● **Requirement**
The pictures get dropped, while every remaining part of the listing is copied exactly.

● **Recorded information**
+++
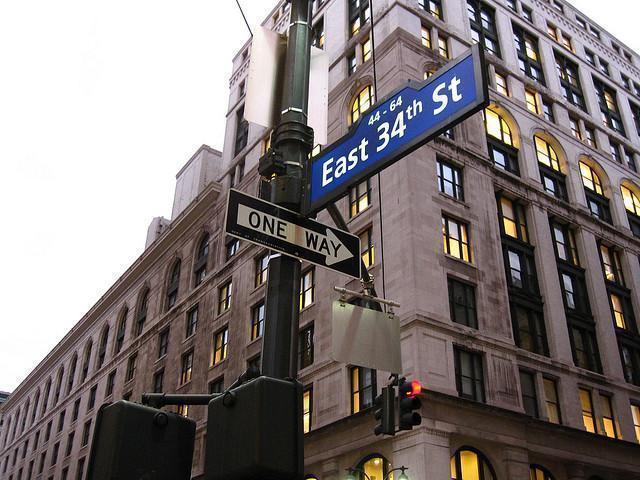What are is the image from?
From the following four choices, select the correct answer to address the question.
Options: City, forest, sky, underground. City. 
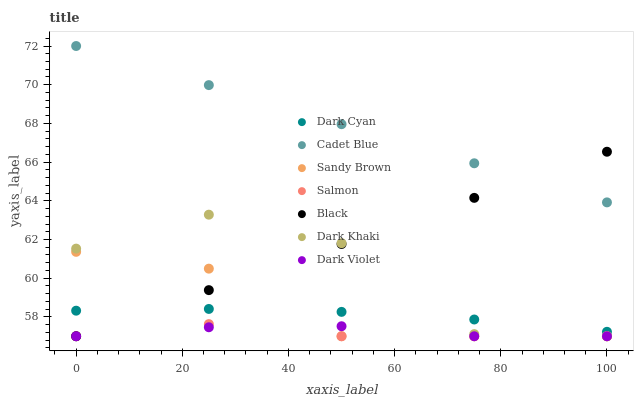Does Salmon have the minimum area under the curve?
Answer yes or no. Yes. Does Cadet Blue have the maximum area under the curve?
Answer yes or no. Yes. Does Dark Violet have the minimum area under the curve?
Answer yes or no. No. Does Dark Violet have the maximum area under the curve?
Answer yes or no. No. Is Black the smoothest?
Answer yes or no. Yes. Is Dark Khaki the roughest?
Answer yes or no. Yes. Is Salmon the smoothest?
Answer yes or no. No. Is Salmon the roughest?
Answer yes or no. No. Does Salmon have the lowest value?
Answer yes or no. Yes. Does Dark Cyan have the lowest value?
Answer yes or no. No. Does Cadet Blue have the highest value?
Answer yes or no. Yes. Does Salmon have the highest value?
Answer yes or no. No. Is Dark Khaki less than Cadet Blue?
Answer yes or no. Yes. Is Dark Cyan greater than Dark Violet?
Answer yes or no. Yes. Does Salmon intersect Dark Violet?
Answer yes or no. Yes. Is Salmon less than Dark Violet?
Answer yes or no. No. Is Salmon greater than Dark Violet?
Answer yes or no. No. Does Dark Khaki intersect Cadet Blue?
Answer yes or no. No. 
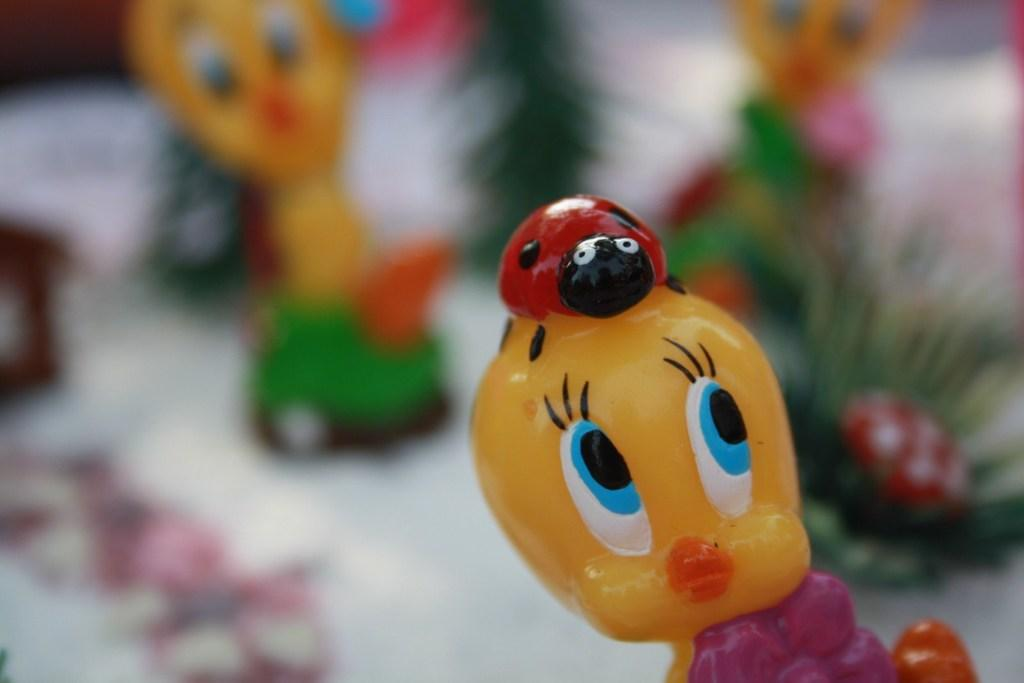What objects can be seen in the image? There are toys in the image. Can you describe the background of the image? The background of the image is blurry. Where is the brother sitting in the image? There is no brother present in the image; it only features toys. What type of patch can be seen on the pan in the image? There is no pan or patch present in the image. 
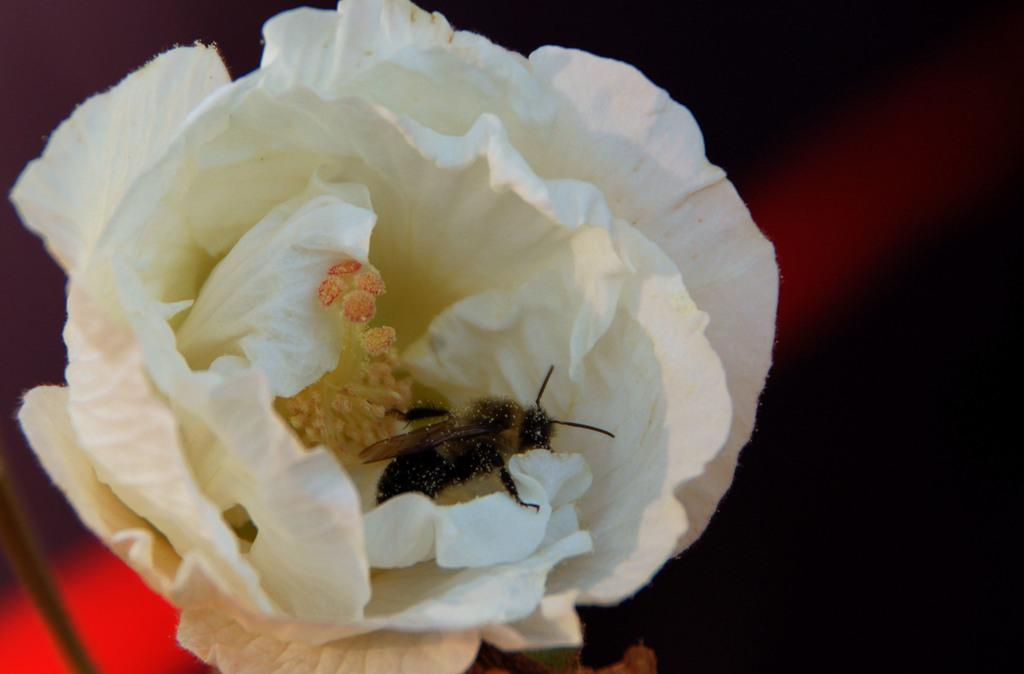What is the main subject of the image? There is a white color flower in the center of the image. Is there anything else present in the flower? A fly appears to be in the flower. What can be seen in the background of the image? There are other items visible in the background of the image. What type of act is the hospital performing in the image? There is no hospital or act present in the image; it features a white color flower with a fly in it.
+++
● **Solution**
What are is the image from?
From the following four choices, select the correct answer to address the question.
Options: City, forest, sky, underground. City. 
Does Salmon have the minimum area under the curve?
Answer yes or no. Yes. Does Cadet Blue have the maximum area under the curve?
Answer yes or no. Yes. Does Dark Violet have the minimum area under the curve?
Answer yes or no. No. Does Dark Violet have the maximum area under the curve?
Answer yes or no. No. Is Black the smoothest?
Answer yes or no. Yes. Is Dark Khaki the roughest?
Answer yes or no. Yes. Is Salmon the smoothest?
Answer yes or no. No. Is Salmon the roughest?
Answer yes or no. No. Does Salmon have the lowest value?
Answer yes or no. Yes. Does Dark Cyan have the lowest value?
Answer yes or no. No. Does Cadet Blue have the highest value?
Answer yes or no. Yes. Does Salmon have the highest value?
Answer yes or no. No. Is Dark Khaki less than Cadet Blue?
Answer yes or no. Yes. Is Dark Cyan greater than Dark Violet?
Answer yes or no. Yes. Does Salmon intersect Dark Violet?
Answer yes or no. Yes. Is Salmon less than Dark Violet?
Answer yes or no. No. Is Salmon greater than Dark Violet?
Answer yes or no. No. Does Dark Khaki intersect Cadet Blue?
Answer yes or no. No. 
What objects can be seen in the image? There are toys in the image. Can you describe the background of the image? The background of the image is blurry. Where is the brother sitting in the image? There is no brother present in the image; it only features toys. What type of patch can be seen on the pan in the image? There is no pan or patch present in the image. 
What is the main subject of the image? There is a white color flower in the center of the image. Is there anything else present in the flower? A fly appears to be in the flower. What can be seen in the background of the image? There are other items visible in the background of the image. What type of act is the hospital performing in the image? There is no hospital or act present in the image; it features a white color flower with a fly in it.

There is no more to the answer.